Several of us have long considered a filament preheater, so it is nice to see someone actually make one. Knowing MIT though, it will be patented.
(Score: 2) by Zinho on Friday December 01 2017, @05:35PM
good catch, the grainy pictures tricked me on that. Informative mod for you, thanks!
"Space Exploration is not endless circles in low earth orbit." -Buzz Aldrin
(Score: 0) by Anonymous Coward on Saturday December 02 2017, @11:13AM
> filament with a 4-40 UTS thread profile on its OD
Since the plastic filament is soft, it could be an ideal candidate for a rolled-in thread, done in the print head, just before laser pre-heating. Thread rolling is how threaded bolts and all-thread rod (steel) are mass produced.
Another choice would be to cut the threads with a die, but this would generate chips that are a nuisance to get rid of.
Either way, once a threading process is started, it keeps going. It takes some effort to start running a die down a rod (metal or otherwise), but after that the die is self-feeding.
(Score: 0) by Anonymous Coward on Friday December 01 2017, @02:31PM (1 child)
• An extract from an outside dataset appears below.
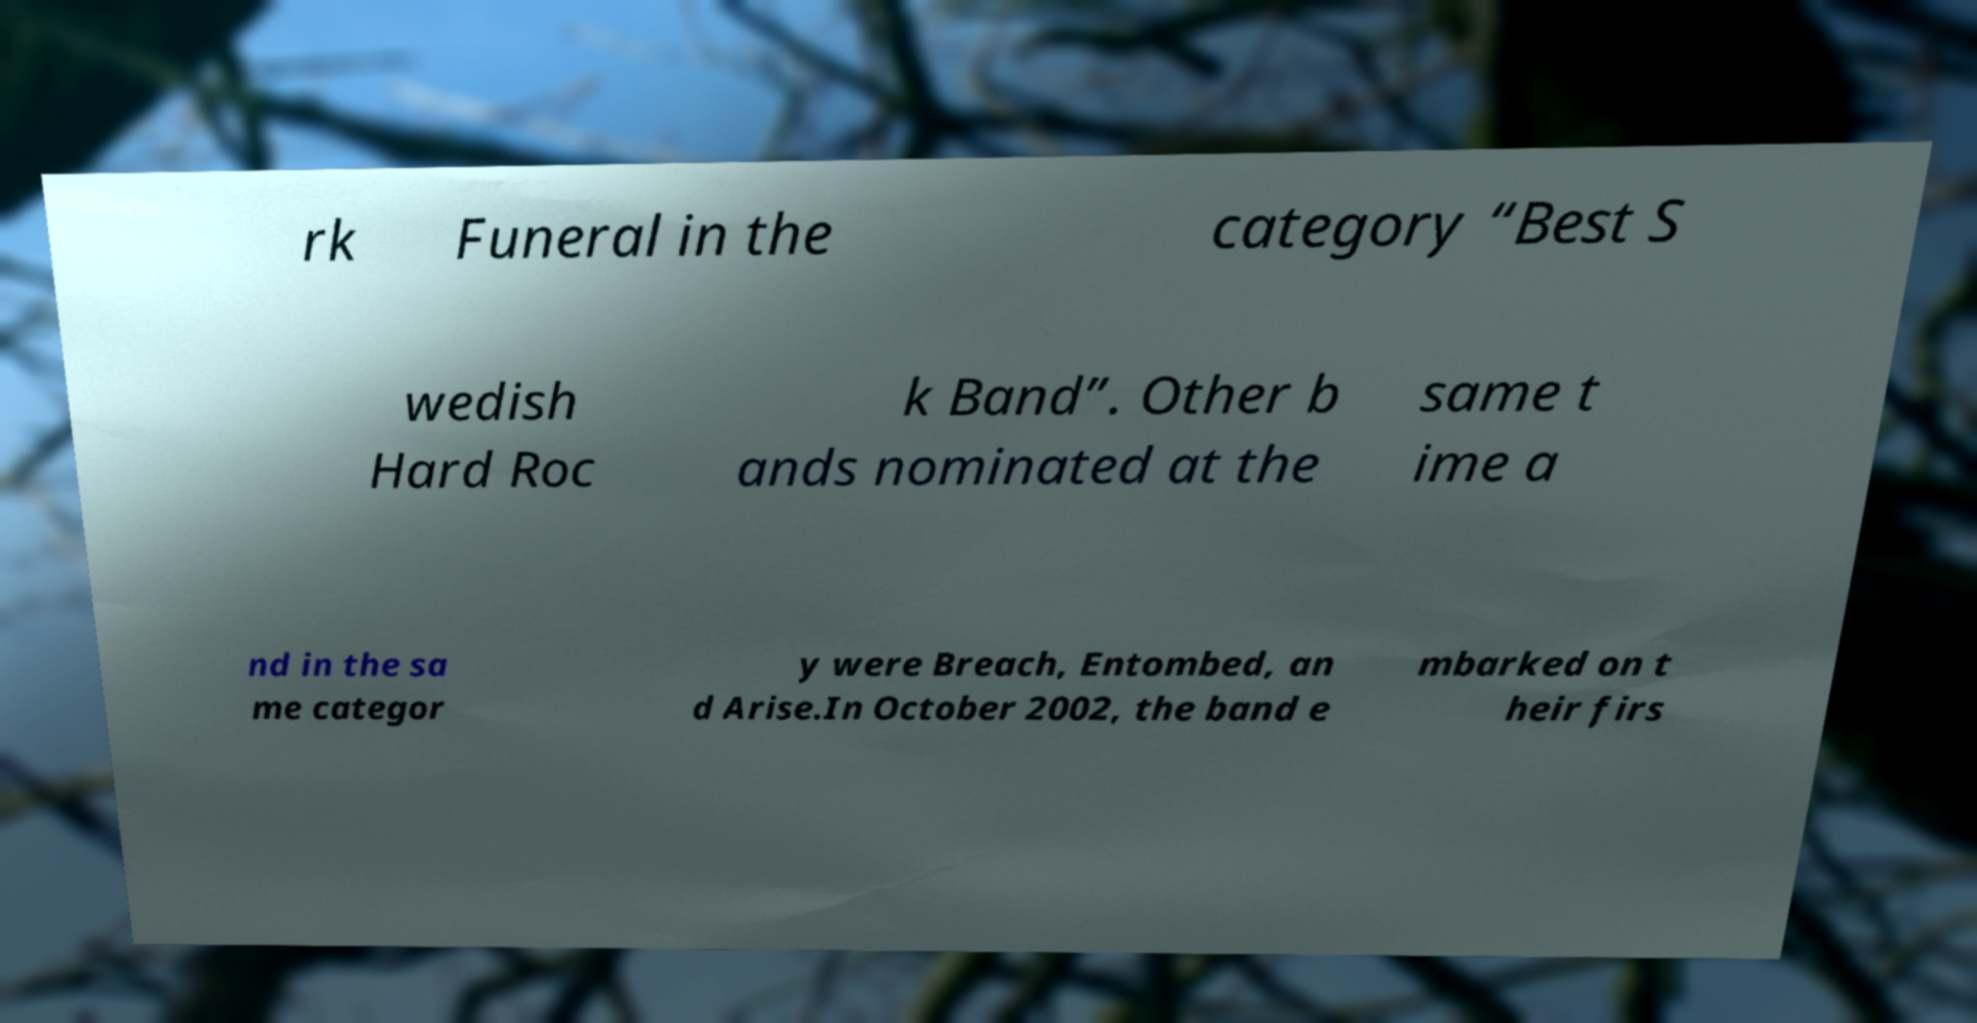Could you extract and type out the text from this image? rk Funeral in the category “Best S wedish Hard Roc k Band”. Other b ands nominated at the same t ime a nd in the sa me categor y were Breach, Entombed, an d Arise.In October 2002, the band e mbarked on t heir firs 
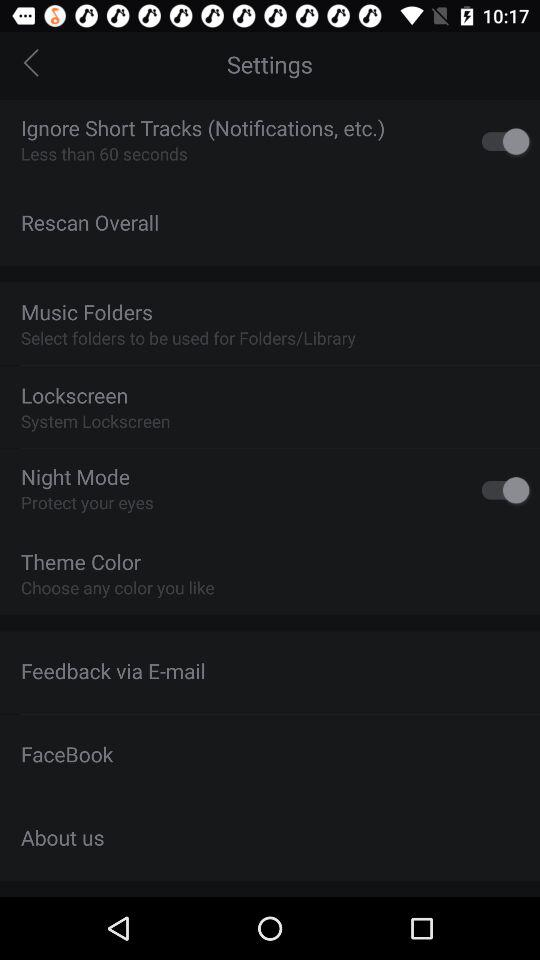How many seconds are there in "Ignore Short Tracks"? There are less than 60 seconds.

"The only problem is, the video shows nothing of the sort. What’s more, when pushed for details, the creators of the video are now claiming the same thing."
https://hackaday.com/2017/11/29/peer-review-in-the-age-of-viral-video/ [hackaday.com]
(Score: 1) by ElizabethGreene on Friday December 01 2017, @04:13PM
OP is about the MIT FastFFF extrusion system, a high volume small orifice extrusion system. Hackaday's peer review was of the UMich magic acceleration and look-ahead algorithm.
The latter felt like hokum, the former an actual advance in the state of the art.